◆ Task input
============
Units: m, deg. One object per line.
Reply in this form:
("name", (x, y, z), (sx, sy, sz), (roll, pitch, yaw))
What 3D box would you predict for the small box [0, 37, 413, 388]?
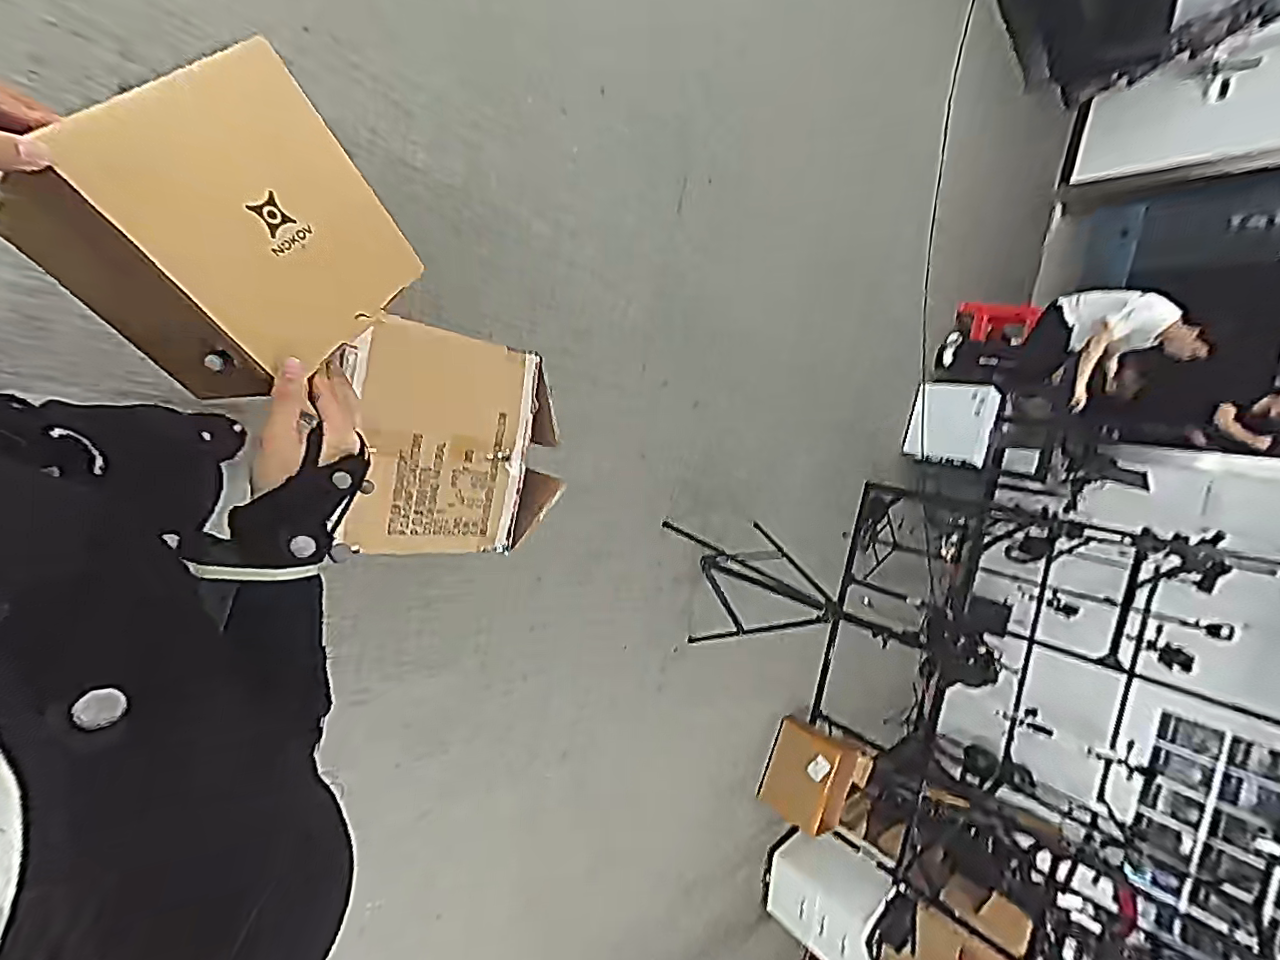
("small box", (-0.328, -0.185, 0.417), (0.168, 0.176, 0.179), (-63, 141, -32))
============
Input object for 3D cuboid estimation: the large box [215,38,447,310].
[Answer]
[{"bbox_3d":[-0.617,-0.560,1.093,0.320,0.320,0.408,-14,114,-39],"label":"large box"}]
============
Every line in the data above that includes the word "object" should be copied.

Units: m, deg. One object per line.
Input object for 3D cuboid estimation: the large box [215,38,447,310].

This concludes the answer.